(Excerpted records)

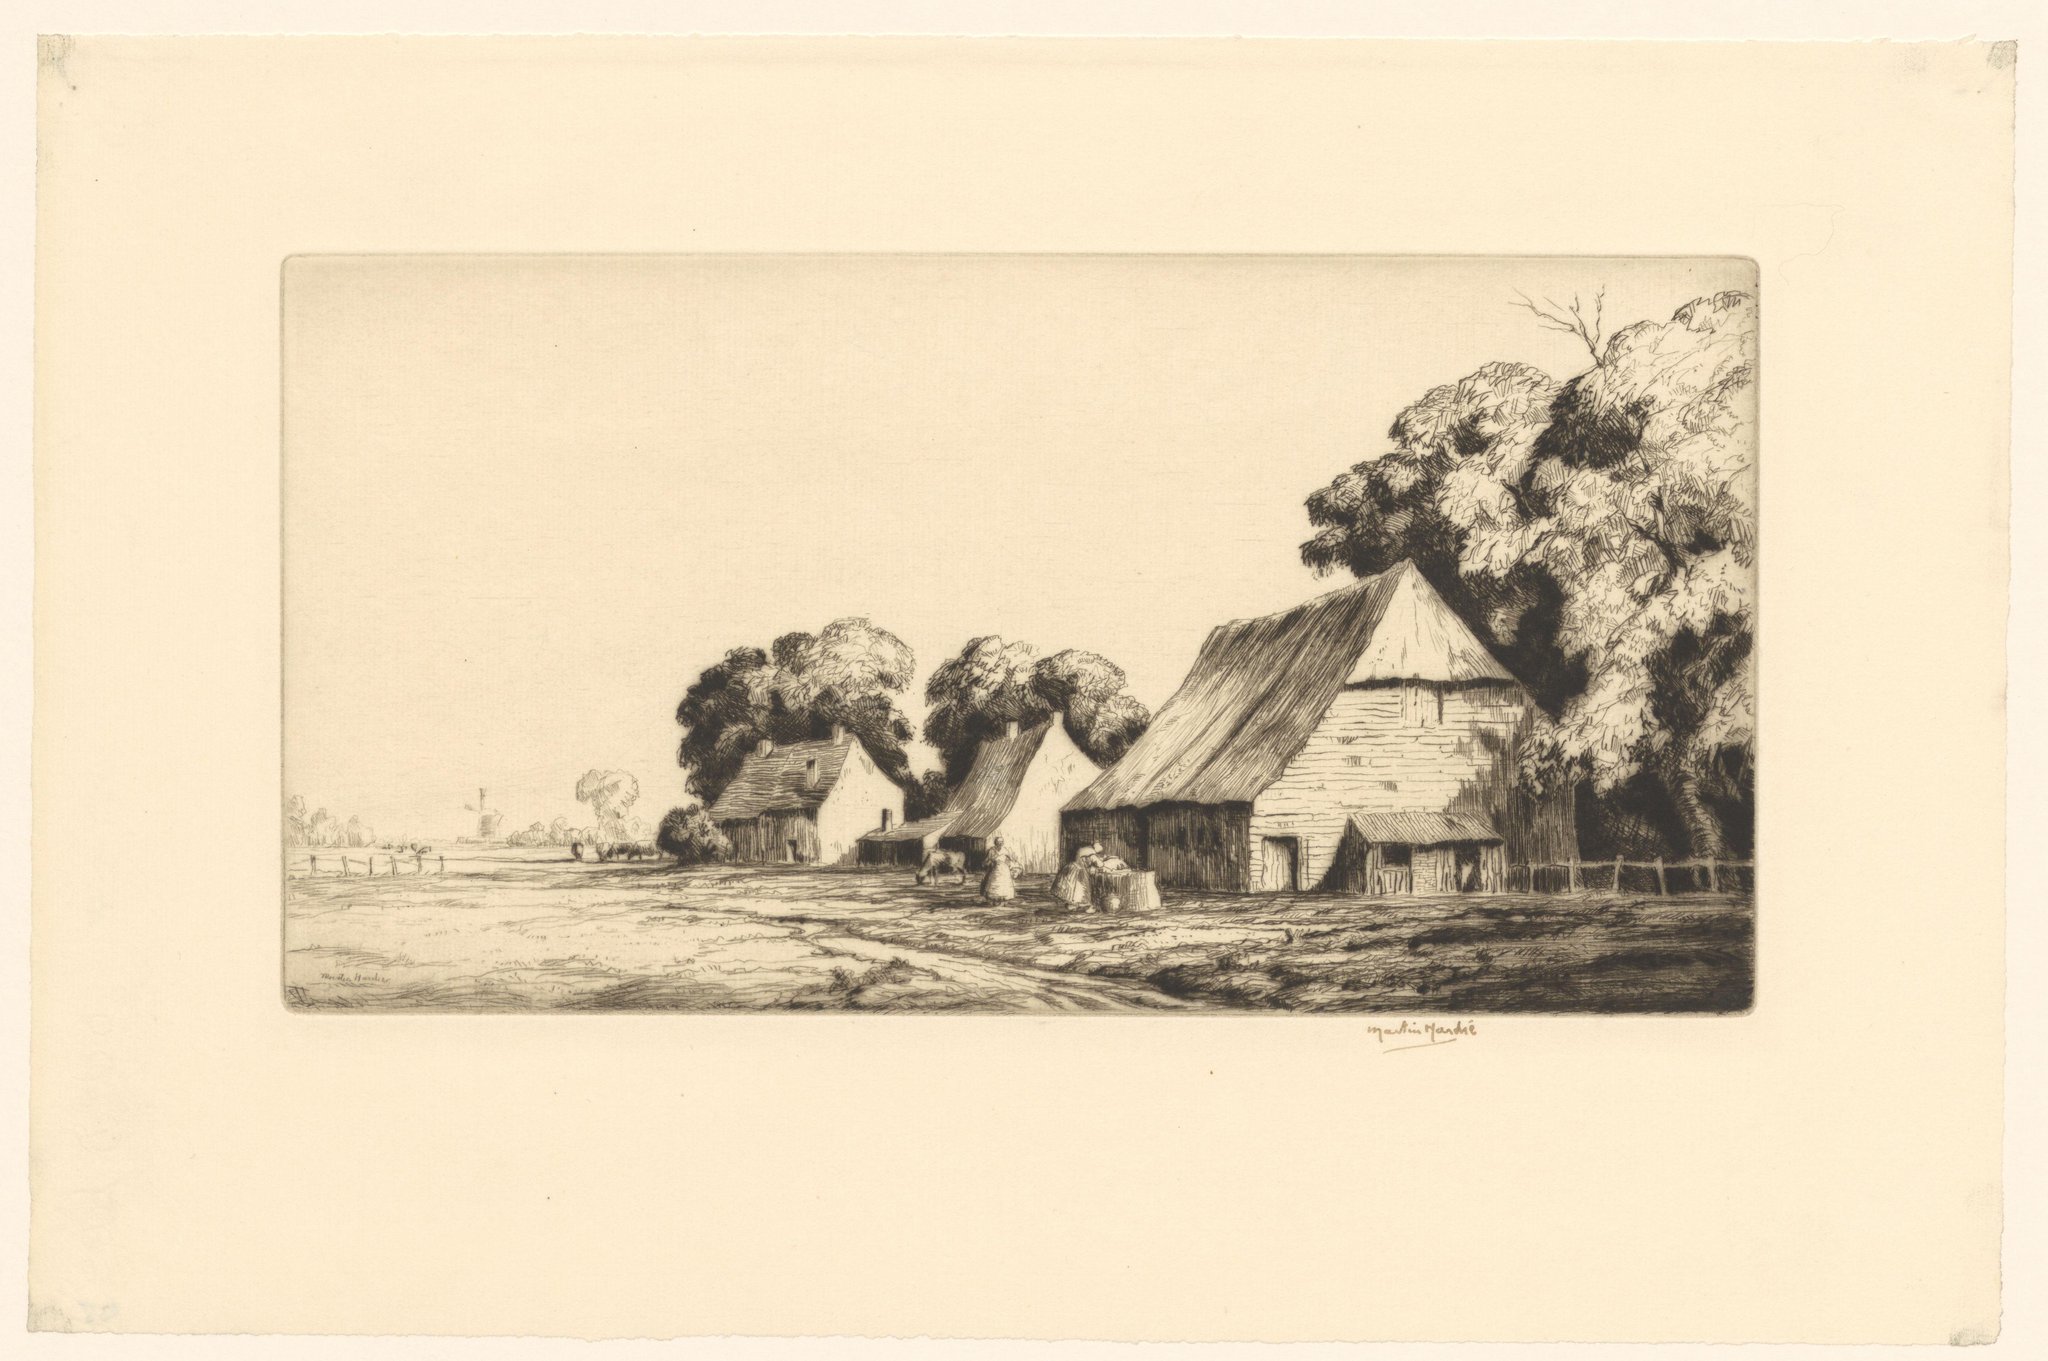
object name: print
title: Boerderij in Zeeland
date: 1929-1930
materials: paper
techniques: drypoint, etching
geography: veere
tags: cultivated land (+ landscape with figures, staffage), farm (building)
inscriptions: collector's mark: Lugt 2228, collector's mark: Lugt 2760, annotation: ‘Martin Hardie’

(End Excerpted records)

*Task brief*:
The material shown above is to be repeated verbatim, and its pictures are to be omitted.

*Exercise solution*:
object name: print
title: Boerderij in Zeeland
date: 1929-1930
materials: paper
techniques: drypoint, etching
geography: veere
tags: cultivated land (+ landscape with figures, staffage), farm (building)
inscriptions: collector's mark: Lugt 2228, collector's mark: Lugt 2760, annotation: ‘Martin Hardie’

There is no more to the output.